Here's a couple of articles that caught my attention this morning:

First, "tell me it isn't so!" Cheating on take home exams at Harvard. Really!??!!? At Harvard?!?!??!

http://www.suntimes.com/news/14828629-418/harvard-investigating-dozens-of-students-for-possible-cheating.html

Second. Work for an income? Naaaah!

http://finance.yahoo.com/news/drink-less-more-billionaire-tells-152654355.html

But here's my favorite line from the article: ""If you want to help the poor and our next generation, make investment, reinvenstment and businesses welcome."" What an odd thought. Never occured to any of our Illinois politicians.

Ralph


----------



## Vol (Jul 5, 2009)

Hard work is good for the body and the soul.....that is one thing I never heard a single time during my college years.
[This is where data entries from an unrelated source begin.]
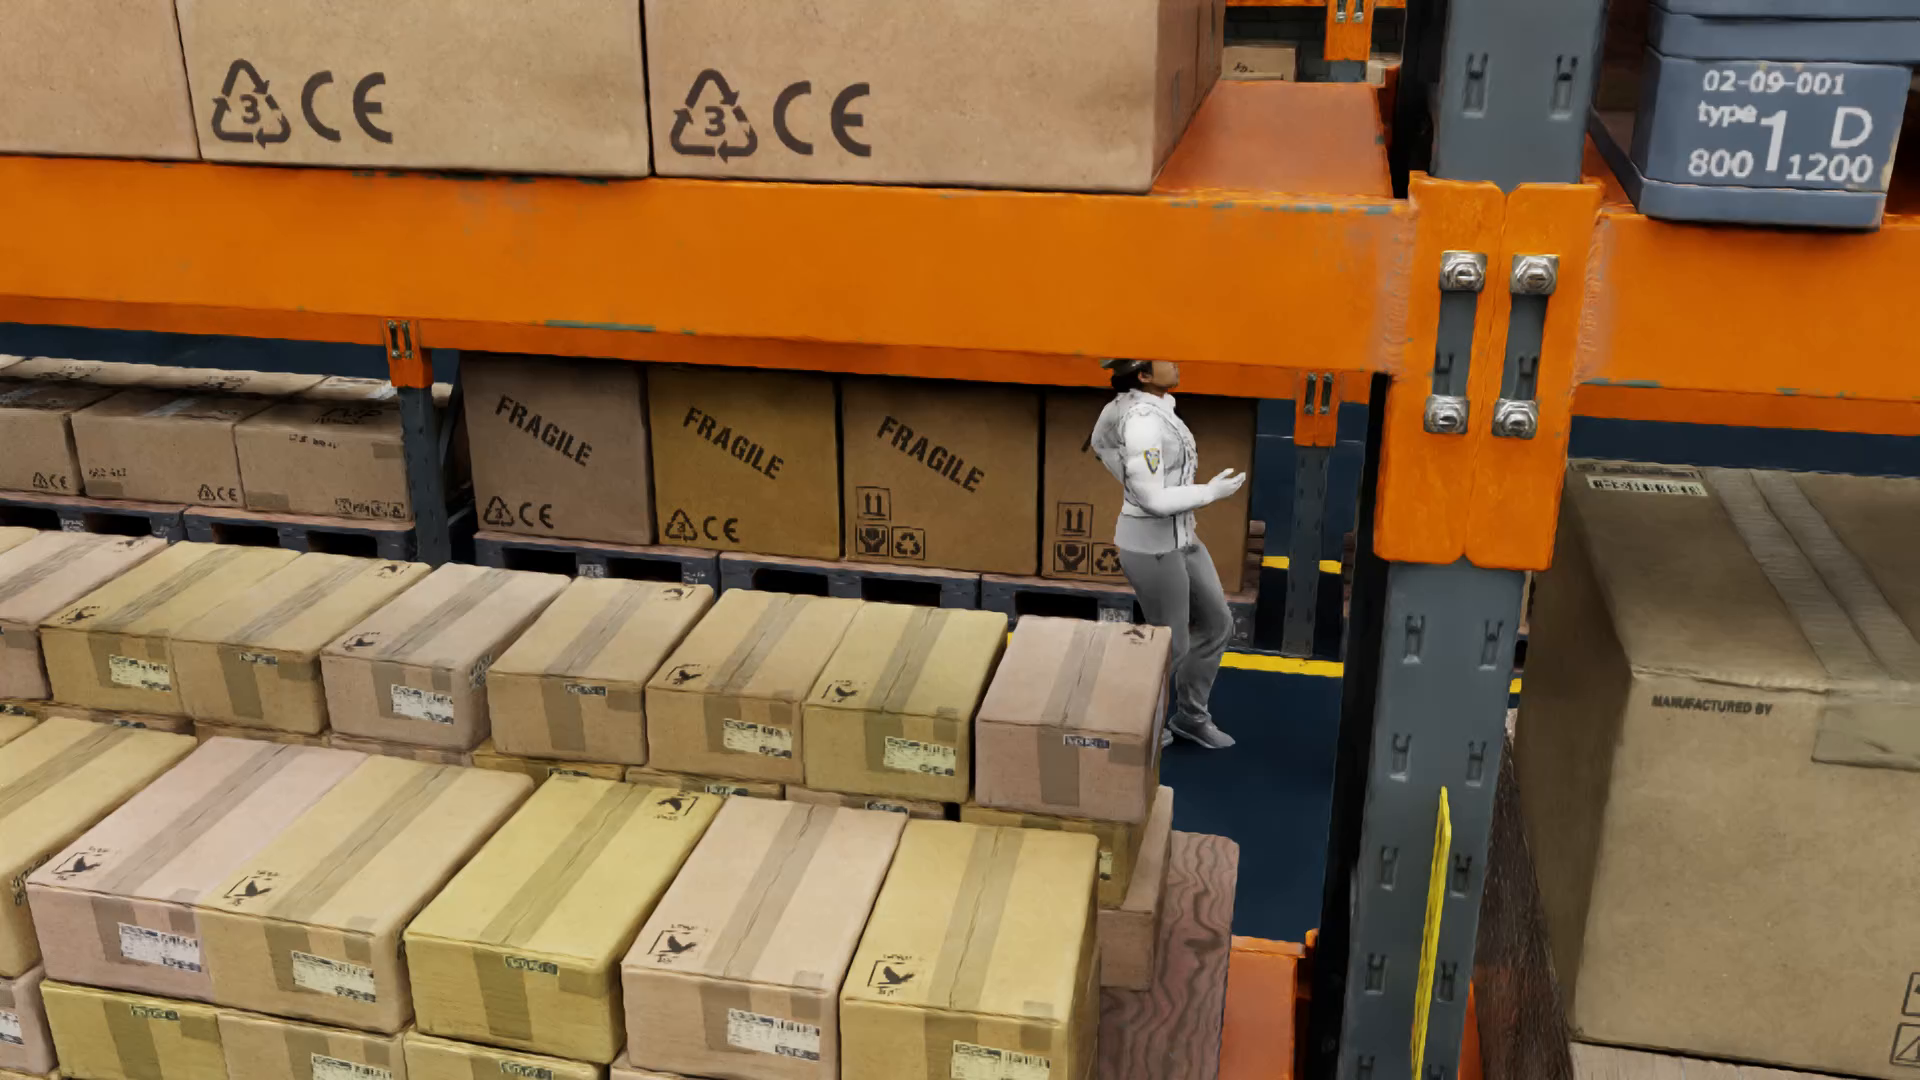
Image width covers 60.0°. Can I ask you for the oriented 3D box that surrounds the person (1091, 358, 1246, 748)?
[{"bbox_3d":[0.734,0.029,6.050,0.623,1.718,0.593,5,22,13],"label":"person"}]
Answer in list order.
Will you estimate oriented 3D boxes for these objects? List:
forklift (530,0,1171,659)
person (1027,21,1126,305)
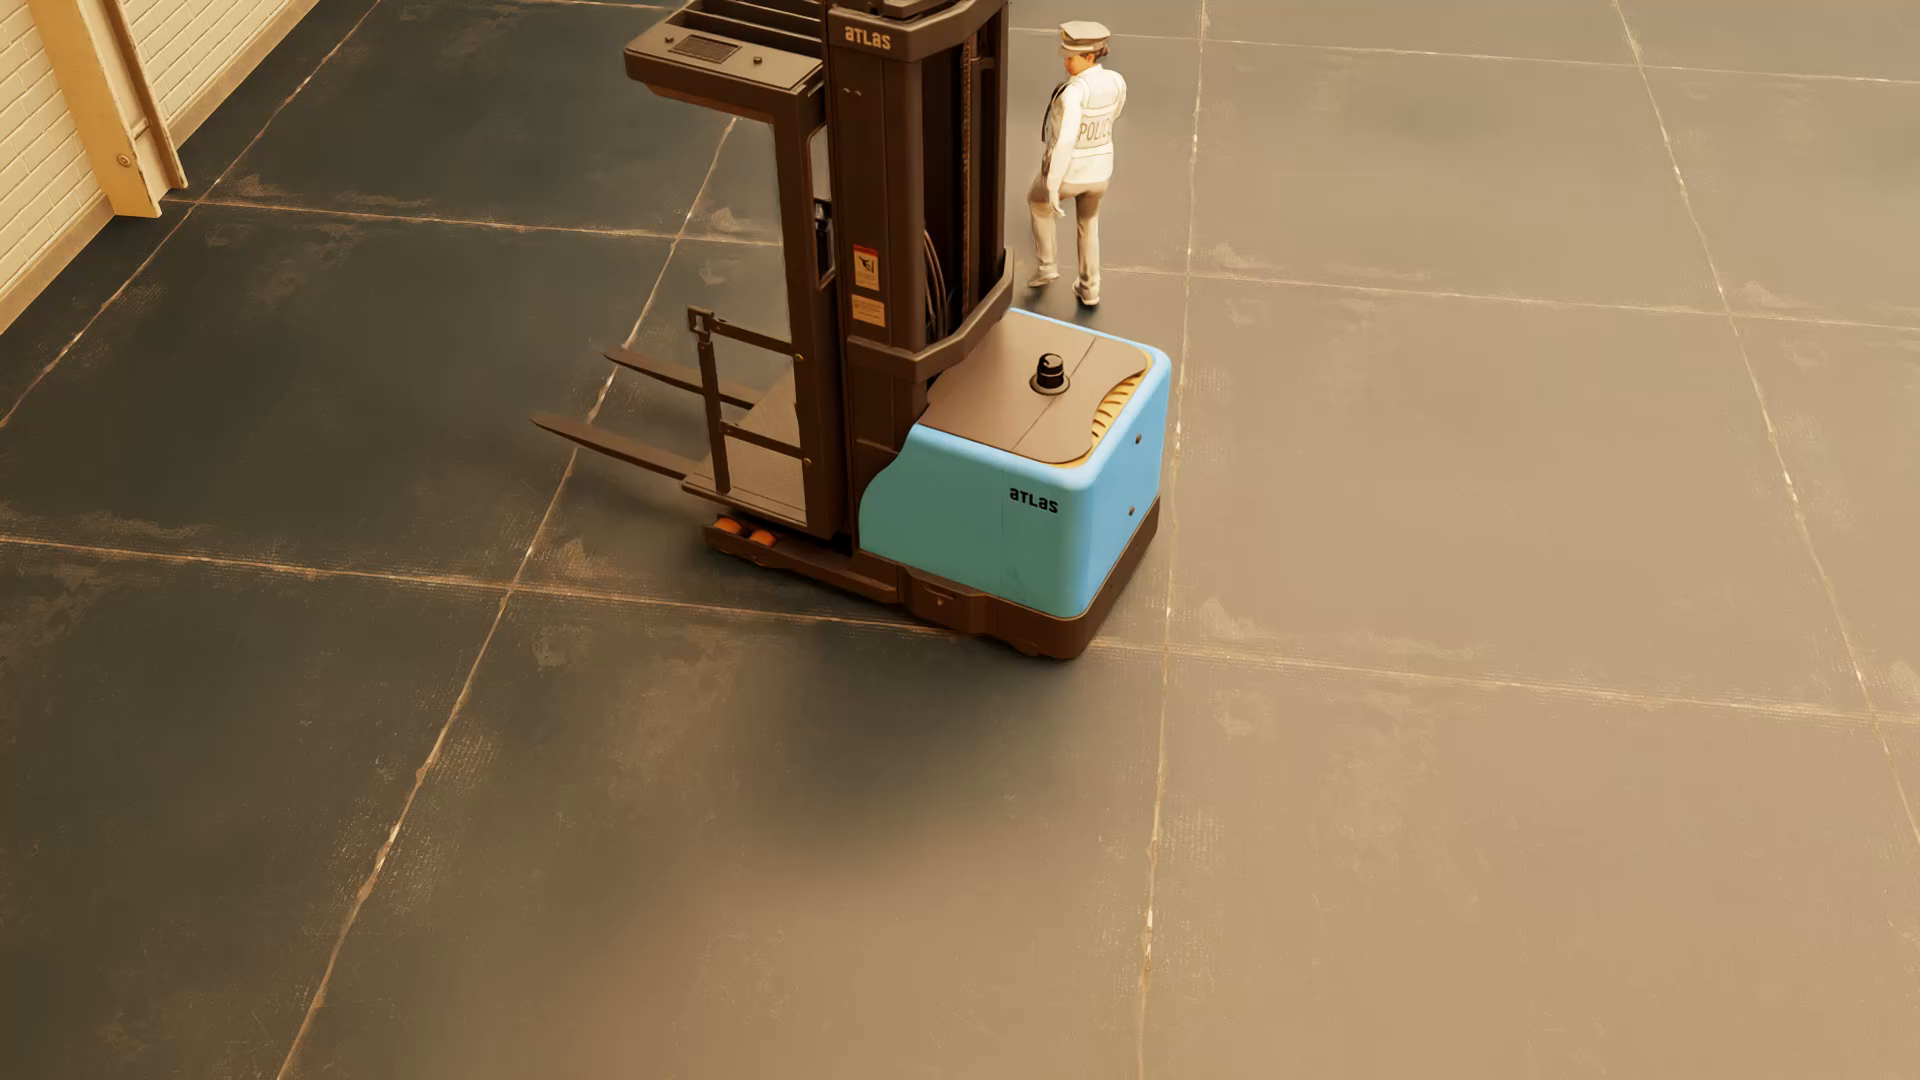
[{"bbox_3d":[-0.623,-1.259,7.095,3.031,2.935,1.130,19,46,19],"label":"forklift"},{"bbox_3d":[0.619,-1.956,8.874,0.613,1.646,0.710,-16,45,-17],"label":"person"}]

Hard work makes me feel good spiritually and the health benefits are obvious. The "Heiress" is right....nothing was ever accomplished by just folding the hands and talking about it. Ralph, I know you live in a very tough state for conservative thought, but do all you can my friend with your contacts and acquaintances about promoting change in the Whitehouse.

Best Regards, Mike


----------



## mlappin (Jun 25, 2009)

The cheating at Harvard I think might be the result of the "your so special" generation finding out...well that they aren't and they certainly aren't so special they were gonna just cruise thru Harvard with straight A's.


----------



## TheFastMan_2 (May 25, 2012)

I don't think I've had a take home exam where I haven't worked with other students. As a college student, you can't expect to have an exam leave the classroom and not have students work together somehow. Easy solution to that is just have an in-class exam. There are more ways to get the grades than actually learning the material. Some college kids are smarter than they look!


----------



## Feed Hay (May 30, 2008)

Illinois politicians, hehe, yep they are the same as the Star Wars Poster downtown posted, the bottom pic on the poster for sure.

I am surprised Harvard has take home exams? Explains our Harvard class Lawyers that run everything these days. They had take home tests which required help from their friends. But then again, I am only Community College educated, which makes me pretty low class compared to the "Ivy League". But I can say I never cheated. Had a few open book tests but did them on my own. Difference between my "work hard" country upbringing and the "Big City" it is all about me life of our upper class rich and famous, I guess.


----------